Stored dataset items:
^^^^

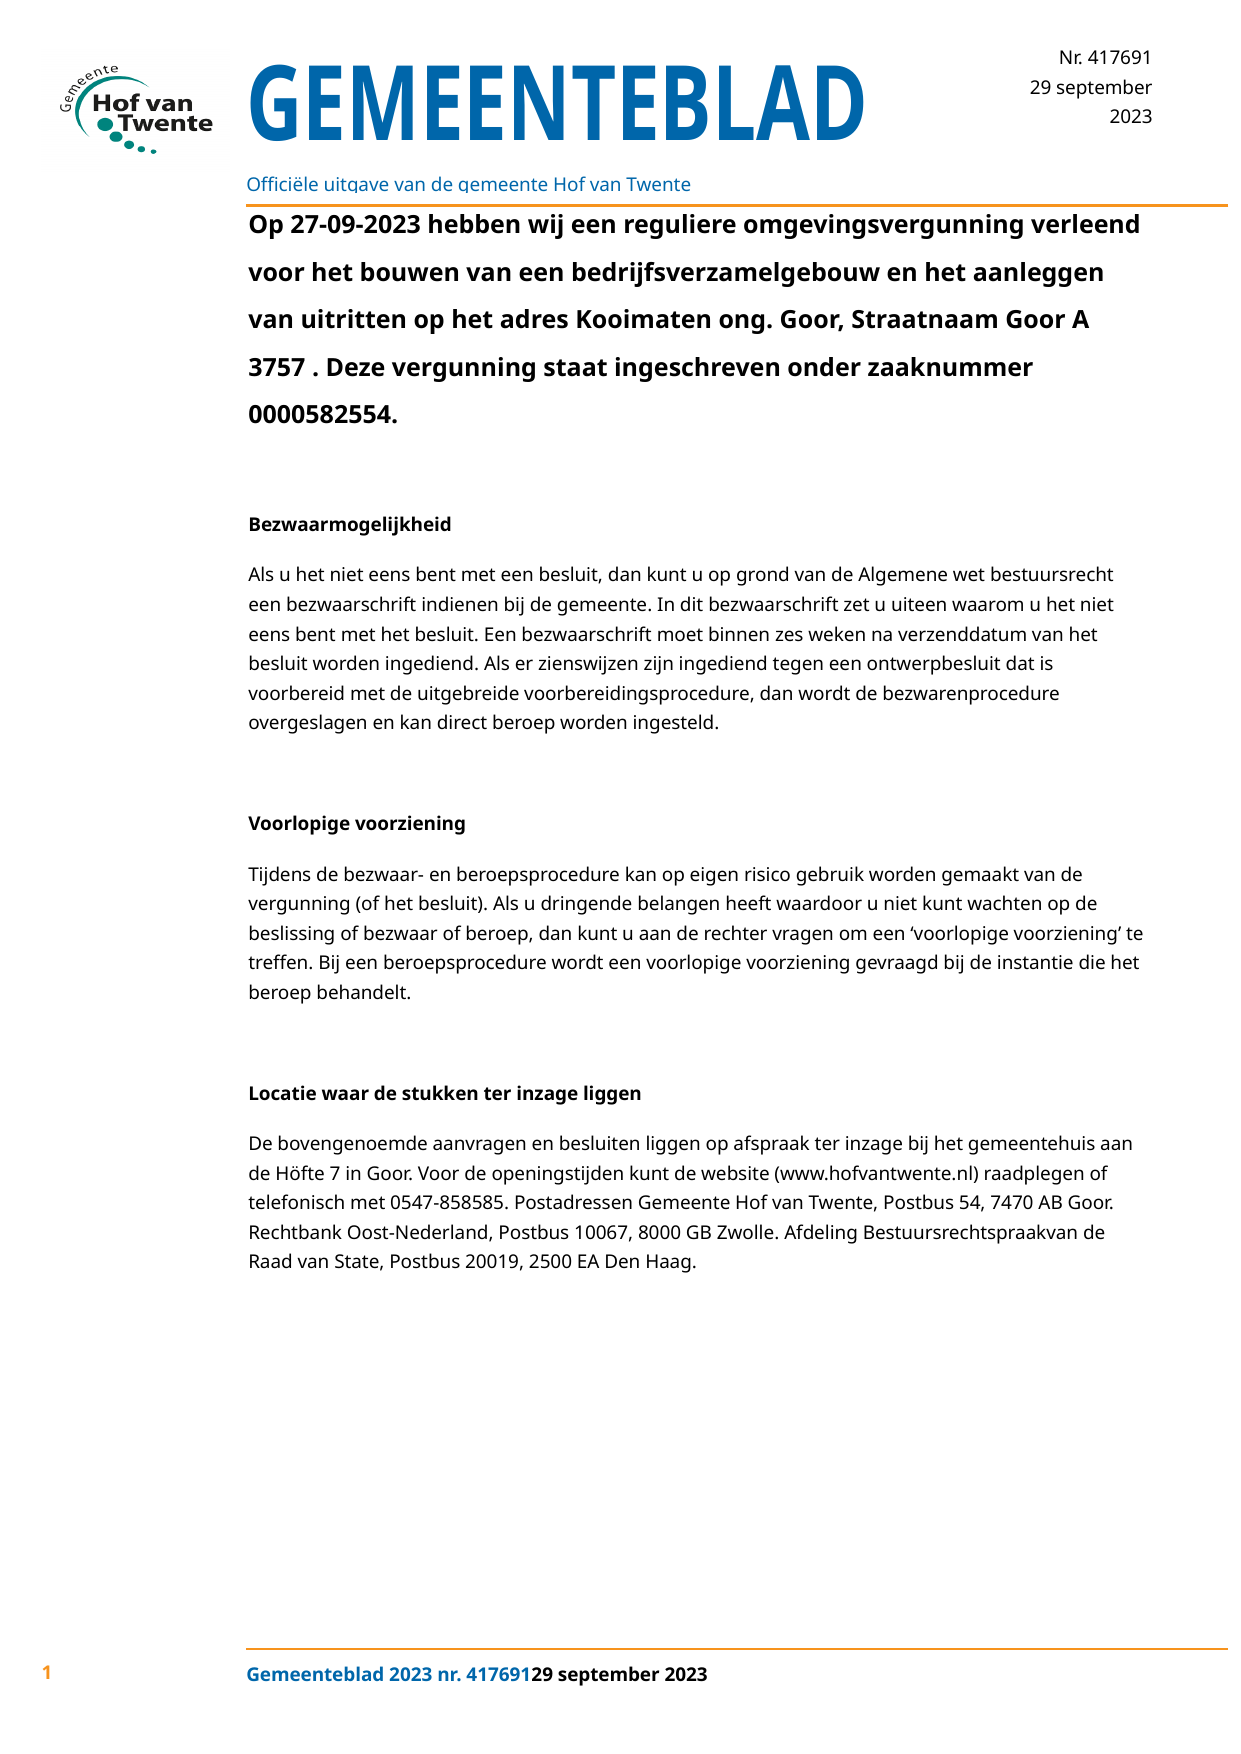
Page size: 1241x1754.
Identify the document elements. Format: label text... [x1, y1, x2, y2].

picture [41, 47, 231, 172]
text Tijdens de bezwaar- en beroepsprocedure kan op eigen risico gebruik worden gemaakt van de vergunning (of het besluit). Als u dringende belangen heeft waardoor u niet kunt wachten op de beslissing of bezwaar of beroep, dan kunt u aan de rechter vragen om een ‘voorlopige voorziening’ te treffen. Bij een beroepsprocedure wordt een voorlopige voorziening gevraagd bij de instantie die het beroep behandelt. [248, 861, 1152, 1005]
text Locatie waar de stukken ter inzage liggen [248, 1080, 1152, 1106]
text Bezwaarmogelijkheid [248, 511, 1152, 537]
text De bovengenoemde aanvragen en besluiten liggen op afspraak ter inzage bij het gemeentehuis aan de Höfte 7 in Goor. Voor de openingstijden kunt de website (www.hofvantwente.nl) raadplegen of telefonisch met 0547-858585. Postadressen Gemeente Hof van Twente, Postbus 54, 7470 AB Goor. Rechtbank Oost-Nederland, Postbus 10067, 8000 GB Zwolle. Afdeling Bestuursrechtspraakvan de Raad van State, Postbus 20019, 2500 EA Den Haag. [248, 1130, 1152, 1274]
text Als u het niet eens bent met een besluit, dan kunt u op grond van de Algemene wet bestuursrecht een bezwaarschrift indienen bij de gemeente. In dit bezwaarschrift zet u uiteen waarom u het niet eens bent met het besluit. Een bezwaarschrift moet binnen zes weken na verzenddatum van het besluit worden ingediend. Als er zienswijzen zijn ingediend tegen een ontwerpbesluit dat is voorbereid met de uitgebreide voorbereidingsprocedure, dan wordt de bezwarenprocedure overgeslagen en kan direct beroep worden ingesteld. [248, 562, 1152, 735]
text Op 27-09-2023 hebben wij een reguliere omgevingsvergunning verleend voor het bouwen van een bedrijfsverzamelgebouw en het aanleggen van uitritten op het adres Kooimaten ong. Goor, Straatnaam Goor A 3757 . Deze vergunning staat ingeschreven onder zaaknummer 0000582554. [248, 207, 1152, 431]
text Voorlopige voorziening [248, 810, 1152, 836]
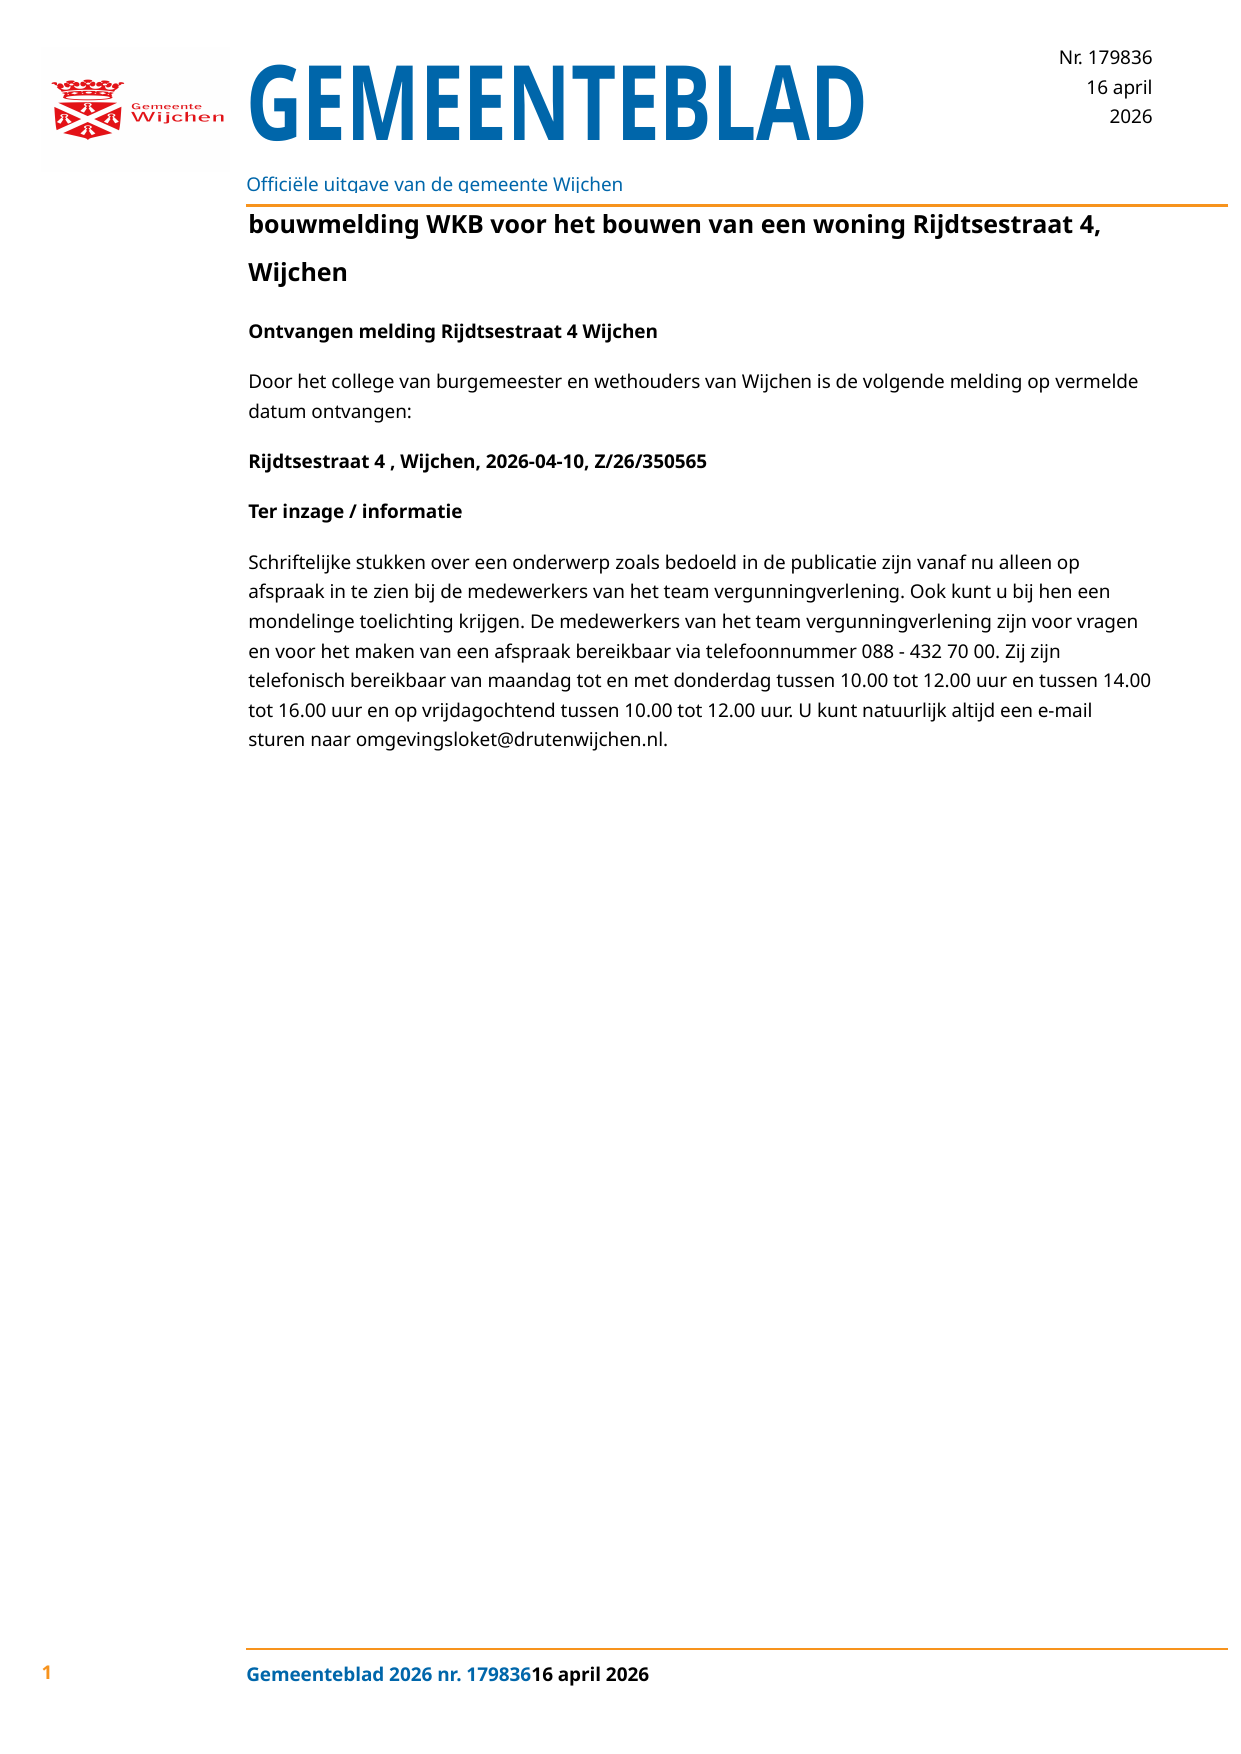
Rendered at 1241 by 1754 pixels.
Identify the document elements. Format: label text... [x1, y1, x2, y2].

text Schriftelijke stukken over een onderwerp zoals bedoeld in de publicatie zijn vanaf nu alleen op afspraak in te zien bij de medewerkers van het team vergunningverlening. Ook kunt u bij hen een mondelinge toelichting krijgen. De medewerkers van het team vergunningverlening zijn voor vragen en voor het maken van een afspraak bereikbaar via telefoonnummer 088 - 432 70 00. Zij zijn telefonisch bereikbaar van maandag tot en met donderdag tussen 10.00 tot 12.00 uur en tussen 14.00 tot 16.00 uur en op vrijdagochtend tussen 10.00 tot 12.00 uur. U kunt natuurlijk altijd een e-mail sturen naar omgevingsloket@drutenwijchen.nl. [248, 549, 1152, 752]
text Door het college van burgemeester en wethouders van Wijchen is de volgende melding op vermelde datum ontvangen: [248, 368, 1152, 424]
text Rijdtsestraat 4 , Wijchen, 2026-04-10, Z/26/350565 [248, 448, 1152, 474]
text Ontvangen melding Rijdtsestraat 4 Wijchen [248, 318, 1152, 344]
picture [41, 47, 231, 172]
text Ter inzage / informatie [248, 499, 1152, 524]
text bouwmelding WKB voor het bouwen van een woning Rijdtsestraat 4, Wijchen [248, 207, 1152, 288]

^^^^

## Instructions for the task
Take exactly the lines from the one containing "text Door het" through the one containing "text Rijdtsestraat 4" in the data above, and output them with nothing added.

## Response for this exercise
text Door het college van burgemeester en wethouders van Wijchen is de volgende melding op vermelde datum ontvangen: [248, 368, 1152, 424]
text Rijdtsestraat 4 , Wijchen, 2026-04-10, Z/26/350565 [248, 448, 1152, 474]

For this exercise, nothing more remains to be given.